We deem it not improper to say that in addition to the uncertainty under which we labor relative to the meaning of the term “low power factor,” another troublesome element confronts us in that there is no satisfactory showing as to the length of time a device such as that here involved should, or must, be successfully operated in order to constitute reduction to practice. Under some circumstances this undoubtedly would be a matter of importance in reaching a correct conclusion. However, it does not appear to have entered into the consideration which led the tribunals of the Patent Office to the conclusion which they concurred in, and we need not dwell upon it.
We think the Examiner of Interferences either set forth literally, or paraphrased with entire fairness, the material evidence essential to a proper determination of this case.

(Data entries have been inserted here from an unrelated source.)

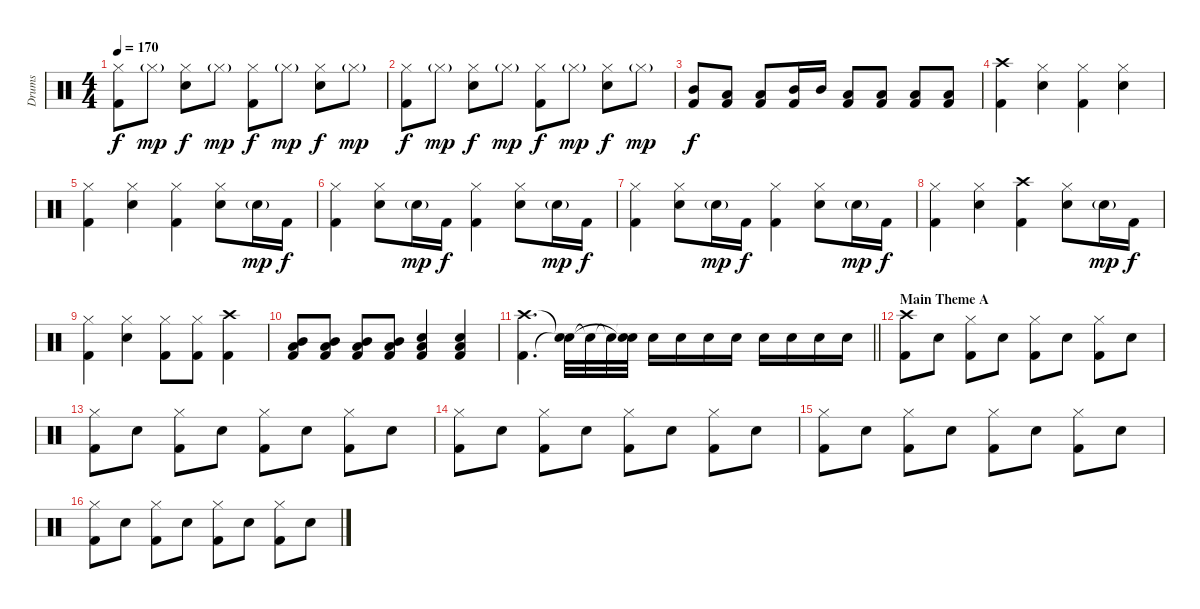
\track ("Drums" "Drums") {instrument percussion}
\staff {score}
\articulation defaults
\ts (4 4)
\tempo 170
\clef neutral
\ks c
("Hi-Hat (closed)" "Kick (hit) 2").8{dy f} "Hi-Hat (closed)"{g}.8{dy mp} ("Hi-Hat (closed)" "Electric Snare (hit)").8{dy f} "Hi-Hat (closed)"{g}.8{dy mp} ("Hi-Hat (closed)" "Kick (hit) 2").8{dy f} "Hi-Hat (closed)"{g}.8{dy mp} ("Hi-Hat (closed)" "Electric Snare (hit)").8{dy f} "Hi-Hat (closed)"{g}.8{dy mp} |
("Hi-Hat (closed)" "Kick (hit) 2").8{dy f} "Hi-Hat (closed)"{g}.8{dy mp} ("Hi-Hat (closed)" "Electric Snare (hit)").8{dy f} "Hi-Hat (closed)"{g}.8{dy mp} ("Hi-Hat (closed)" "Kick (hit) 2").8{dy f} "Hi-Hat (closed)"{g}.8{dy mp} ("Hi-Hat (closed)" "Electric Snare (hit)").8{dy f} "Hi-Hat (closed)"{g}.8{dy mp} |
("Mid Tom (hit)" "Kick (hit) 2").8{dy f} ("Low Tom (hit)" "Kick (hit) 2").8 ("Low Tom (hit)" "Kick (hit) 2").8 ("Mid Tom (hit)" "Kick (hit) 2").16 "Mid Tom (hit)".16 ("Low Tom (hit)" "Kick (hit) 2").8 ("Low Tom (hit)" "Kick (hit) 2").8 ("Low Tom (hit)" "Kick (hit) 2").8 ("Low Tom (hit)" "Kick (hit) 2").8 |
("Crash high (hit)" "Kick (hit) 2").4 ("Hi-Hat (closed)" "Electric Snare (hit)").4 ("Hi-Hat (closed)" "Kick (hit) 2").4 ("Hi-Hat (closed)" "Electric Snare (hit)").4 |
("Hi-Hat (closed)" "Kick (hit) 2").4 ("Hi-Hat (closed)" "Electric Snare (hit)").4 ("Hi-Hat (closed)" "Kick (hit) 2").4 ("Hi-Hat (closed)" "Electric Snare (hit)").8 "Electric Snare (hit)"{g}.16{dy mp} "Kick (hit) 2".16{dy f} |
("Hi-Hat (closed)" "Kick (hit) 2").4 ("Hi-Hat (closed)" "Electric Snare (hit)").8 "Electric Snare (hit)"{g}.16{dy mp} "Kick (hit) 2".16{dy f} ("Hi-Hat (closed)" "Kick (hit) 2").4 ("Hi-Hat (closed)" "Electric Snare (hit)").8 "Electric Snare (hit)"{g}.16{dy mp} "Kick (hit) 2".16{dy f} |
("Hi-Hat (closed)" "Kick (hit) 2").4 ("Hi-Hat (closed)" "Electric Snare (hit)").8 "Electric Snare (hit)"{g}.16{dy mp} "Kick (hit) 2".16{dy f} ("Hi-Hat (closed)" "Kick (hit) 2").4 ("Hi-Hat (closed)" "Electric Snare (hit)").8 "Electric Snare (hit)"{g}.16{dy mp} "Kick (hit) 2".16{dy f} |
("Hi-Hat (closed)" "Kick (hit) 2").4 ("Hi-Hat (closed)" "Electric Snare (hit)").4 ("Crash high (hit)" "Kick (hit) 2").4 ("Hi-Hat (closed)" "Electric Snare (hit)").8 "Electric Snare (hit)"{g}.16{dy mp} "Kick (hit) 2".16{dy f} |
("Hi-Hat (closed)" "Kick (hit) 2").4 ("Hi-Hat (closed)" "Electric Snare (hit)").4 ("Hi-Hat (closed)" "Kick (hit) 2").8 ("Hi-Hat (closed)" "Kick (hit) 2").8 ("Crash high (hit)" "Kick (hit) 2").4 |
("Mid Tom (hit)" "Low Tom (hit)" "Kick (hit) 2").8 ("Mid Tom (hit)" "Low Tom (hit)" "Kick (hit) 2").8 ("Mid Tom (hit)" "Low Tom (hit)" "Kick (hit) 2").8 ("Mid Tom (hit)" "Low Tom (hit)" "Kick (hit) 2").8 ("Low Tom (hit)" "Electric Snare (hit)" "Kick (hit) 2").4 ("Low Tom (hit)" "Electric Snare (hit)" "Kick (hit) 2").4 |
\barLineRight lightlight
("Crash high (hit)" "Kick (hit) 2").4{d} ("Snare (hit)"{t} "Snare (hit)"{t}).32 "Snare (hit)"{t}.32 "Snare (hit)"{t}.32 ("Snare (hit)"{t} "Snare (hit)"{t}).32{volume 5} "Electric Snare (hit)".16{volume 10} "Electric Snare (hit)".16 "Electric Snare (hit)".16 "Electric Snare (hit)".16 "Electric Snare (hit)".16 "Electric Snare (hit)".16 "Electric Snare (hit)".16 "Electric Snare (hit)".16 |
\section ("" "Main Theme A")
("Crash high (hit)" "Kick (hit) 2").8{volume 11} "Electric Snare (hit)".8 ("Hi-Hat (closed)" "Kick (hit) 2").8 "Electric Snare (hit)".8 ("Hi-Hat (closed)" "Kick (hit) 2").8 "Electric Snare (hit)".8 ("Hi-Hat (closed)" "Kick (hit) 2").8 "Electric Snare (hit)".8 |
("Hi-Hat (closed)" "Kick (hit) 2").8 "Electric Snare (hit)".8 ("Hi-Hat (closed)" "Kick (hit) 2").8 "Electric Snare (hit)".8 ("Hi-Hat (closed)" "Kick (hit) 2").8 "Electric Snare (hit)".8 ("Hi-Hat (closed)" "Kick (hit) 2").8 "Electric Snare (hit)".8 |
("Hi-Hat (closed)" "Kick (hit) 2").8 "Electric Snare (hit)".8 ("Hi-Hat (closed)" "Kick (hit) 2").8 "Electric Snare (hit)".8 ("Hi-Hat (closed)" "Kick (hit) 2").8 "Electric Snare (hit)".8 ("Hi-Hat (closed)" "Kick (hit) 2").8 "Electric Snare (hit)".8 |
("Hi-Hat (closed)" "Kick (hit) 2").8 "Electric Snare (hit)".8 ("Hi-Hat (closed)" "Kick (hit) 2").8 "Electric Snare (hit)".8 ("Hi-Hat (closed)" "Kick (hit) 2").8 "Electric Snare (hit)".8 ("Hi-Hat (closed)" "Kick (hit) 2").8 "Electric Snare (hit)".8 |
("Hi-Hat (closed)" "Kick (hit) 2").8 "Electric Snare (hit)".8 ("Hi-Hat (closed)" "Kick (hit) 2").8 "Electric Snare (hit)".8 ("Hi-Hat (closed)" "Kick (hit) 2").8 "Electric Snare (hit)".8 ("Hi-Hat (closed)" "Kick (hit) 2").8 "Electric Snare (hit)".8

We have given due consideration to the arguments of counsel for Mershon and to the excerpts from the evidence quoted in their brief, but we agree with the conclusion reached below to the effect that Mershon has failed to show by any satisfactory evidence that there was ever, prior to Robinson’s filing date, any test made by or for him in which aluminum hydroxide was used which properly may be regarded as constituting conception of the invention (as the term “conception” is well understood in patent law) here involved. In the absence of [1259]*1259conception it follows, of course, that there could not have been a reduction to practice.
Our findings upon those questions being in conformity with the findings below and being negative in .character, no useful purpose would be served by quoting the evidence or reviewing it here. Counsel for appellant had the opportunity (and during oral argument of the case before us were invited) to point out airy affirmative evidence contradicting the negative findings below, but failed so to do. Arguments have been presented relative to the construction: which should be placed upon some of the evidence, but those arguments are not convincing. They do not meet the requirement for affirmative evidence which, were any found, we would state. We can see no occasion for stating the arguments and pointing out what we conceive to be their weaknesses. Proof of facts is the primary essential here and such proof is lacking.
The decisions of the respective tribunals of the Patent Office concur in all material findings of fact involved in the case and we are not convinced that they were in error.
The decision of the board is affirmed.